*** Collected data Section Begins ***
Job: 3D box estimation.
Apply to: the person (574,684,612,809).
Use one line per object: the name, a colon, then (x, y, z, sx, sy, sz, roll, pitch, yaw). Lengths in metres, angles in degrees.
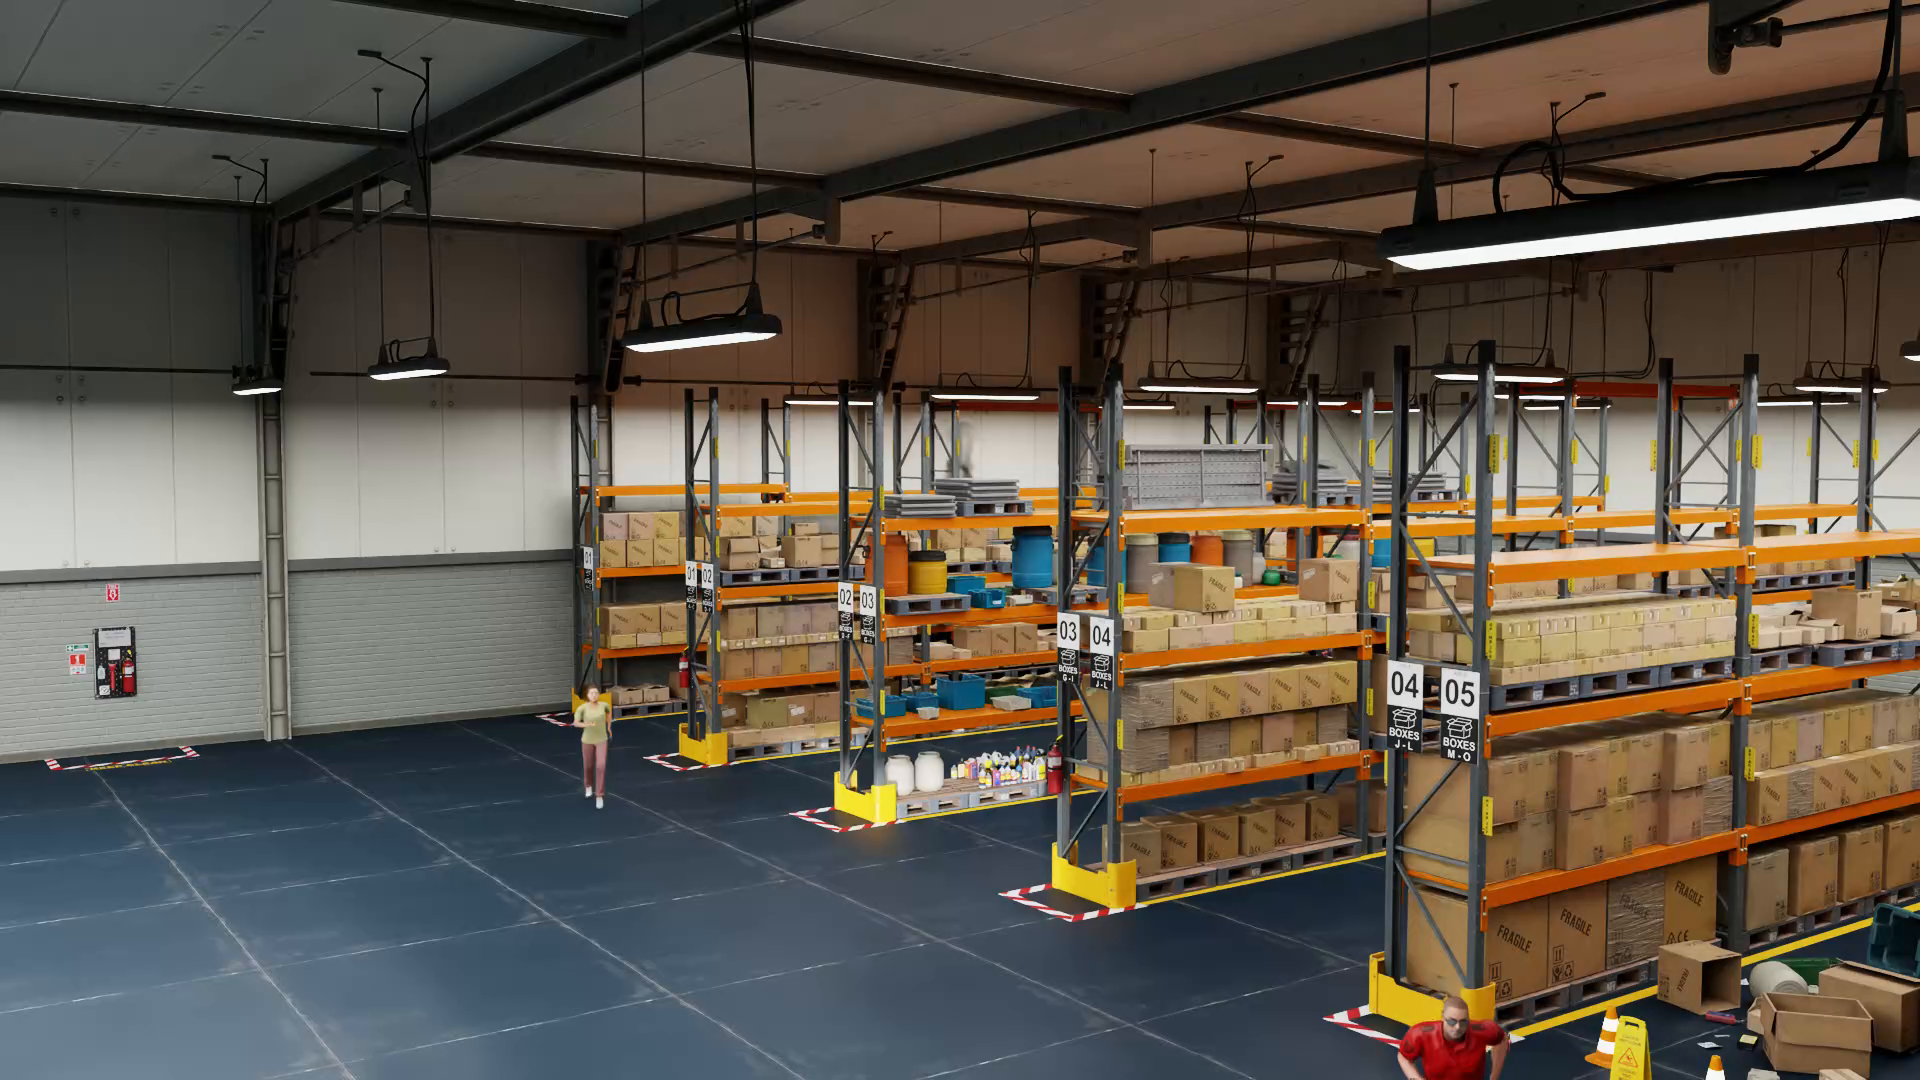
*** Collected data Section Ends ***
> Task prompt
Each line of the listing is to be retyped exactly, and its pictures are to be dropped.

> Result below
Job: 3D box estimation.
Apply to: the person (574,684,612,809).
Use one line per object: the name, a colon, then (x, y, z, sx, sy, sz, roll, pitch, yaw). Lengths in metres, angles in degrees.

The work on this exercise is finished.